For managing the Large Language Models, I recommend using Ollama. There are many other hacky and open-source options, but Ollama is to LLM management for what Docker is to LXC Container. It just works. It helps download the weights, and will also aim to run and load balancer between the GPU Ram, CPU and RAM.

Connectivity

Since my 2U server, Duke, is banished to my crawl space. I needed a way to access it, when at home I used a simple SSH setup, but when out of home, I used Teleport. Both to access the ollama CLI and to access one of the few UI wrappers. Open UI has been perfect for me.

AI Demo

Here is a quick overview of how I access my homelab Duke Server.

Other Demos

Models & Model Performance

I currently switch between models for different purposes, but these are rundown of ones I use the most.

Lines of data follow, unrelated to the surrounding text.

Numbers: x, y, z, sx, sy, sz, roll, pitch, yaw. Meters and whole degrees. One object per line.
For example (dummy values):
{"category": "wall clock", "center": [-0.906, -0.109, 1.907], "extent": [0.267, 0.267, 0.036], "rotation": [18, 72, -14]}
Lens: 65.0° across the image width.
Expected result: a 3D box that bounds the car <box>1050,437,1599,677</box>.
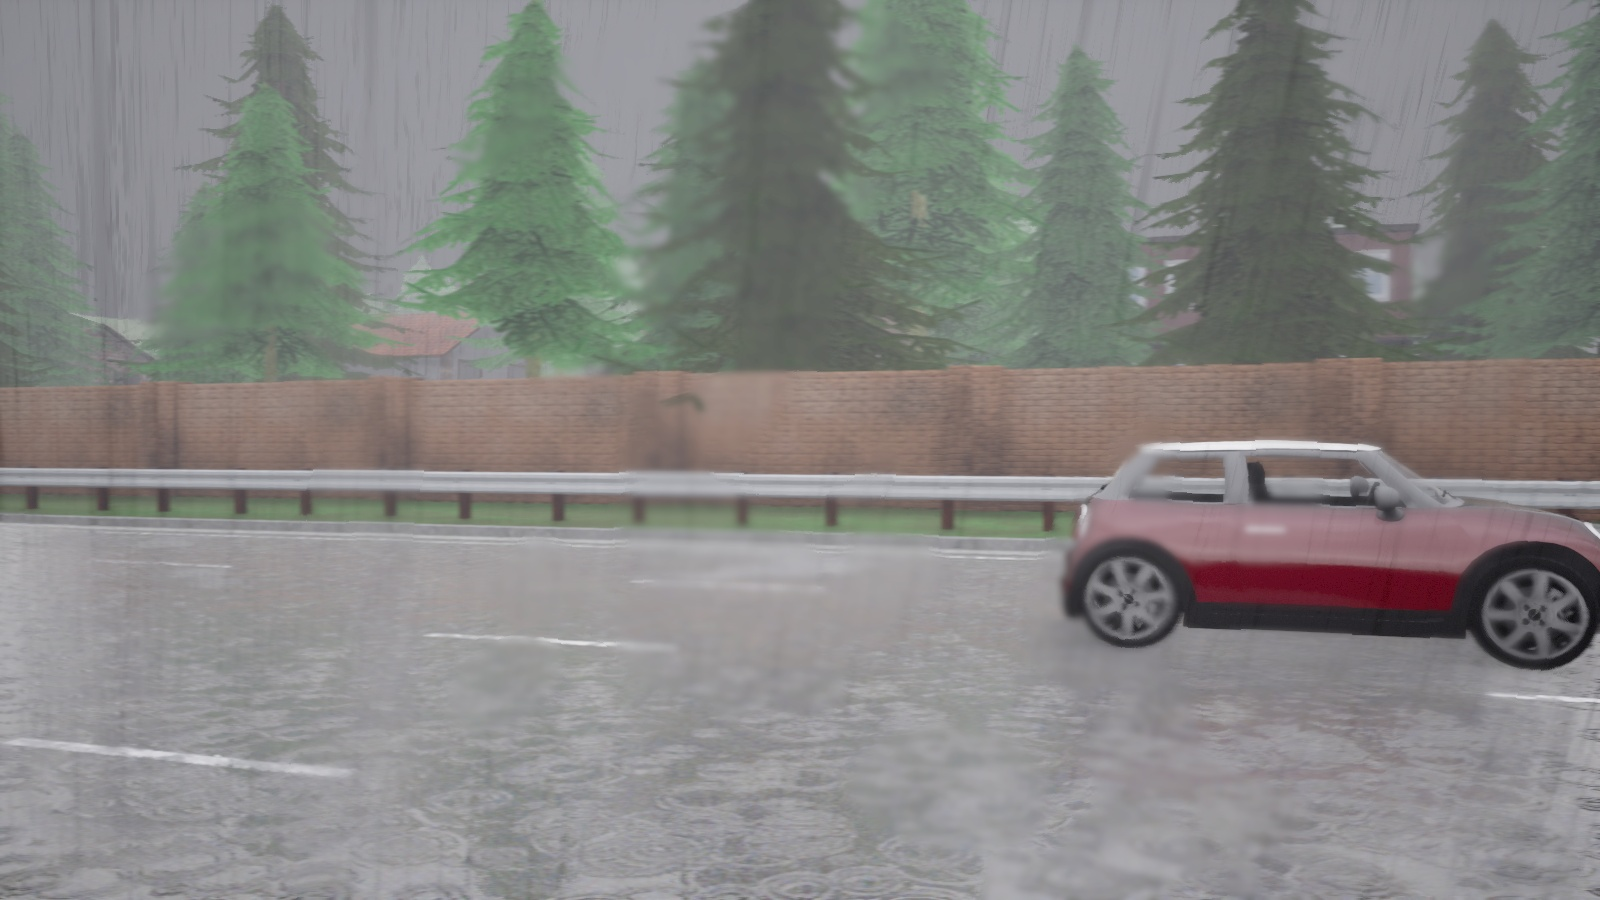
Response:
{"category": "car", "center": [3.906, 0.658, 9.264], "extent": [3.806, 1.475, 1.970], "rotation": [1, 1, 19]}

Tip: To try different floating point models, click the ‘View More’ link on Ollama.

Multimodal

Most LLMs focus on text based inputs, but many can also work with sounds, image and even robotics. I plan to explore this space more, now my test is steady. I plan on running Whisper for local text to voice and SAM 2 for video analysis.

IDE Integrations

I’m currently using GitHub Co-Pilot with VSCode. I also have the option to augment Cursor with my home server. This is something that’s on my todo list but I’m currently happy with the current support and setup of my models.

Privacy

An added benefit of having a local AI server is the ability to have complete control over data sent. This means I can happily chat with my tax returns, knowing I’m not sending all of my data to multiple 3rd parties.

Cost of the Server

Part Cost
GPU: NVIDIA RTX 4000 Ada GPU $1,279*
CPU: AMD Ryzen 5 5600X $133
Ram: 128GB RAM $187
Motherboard: ASUS Pro B550M-C $99
SilverStone Technology 2U Dual Rack** $169
Disk: 1TB Nvme Disk $80
Banana $0.40
  $1,907.4

* ~ There are a lot of older GPUs, NVIDIA Tesla etc, but these are still low in clock speed, vRAM and generally consume a lot more Power. If I was building a workstation/part-time gaming rig, I would opt for a 4090. A M2 Max Pro at $1,999, would also be a tempting option, but costs an eye-bleeding $4799 to have the same amount of RAM.
** ~ This case is terrible, there are many other 2U cases that are better and cheaper.

Considering I easily spent $560 on Google Vertex this summer. I feel Ok with the predictability of the current smaller but sustainable home rig setup.

Plans for Duke

Now I’ve Duke up and running, I’m planning to use it as a local test bed for new models. The current Docker + Ollama Flow works smoothly. Having the ability to connect to it while on the go, is prefect for my use case. I’m interested in using it as a potential hacky backend for a few web apps. I plan to share my experience once these are up and running.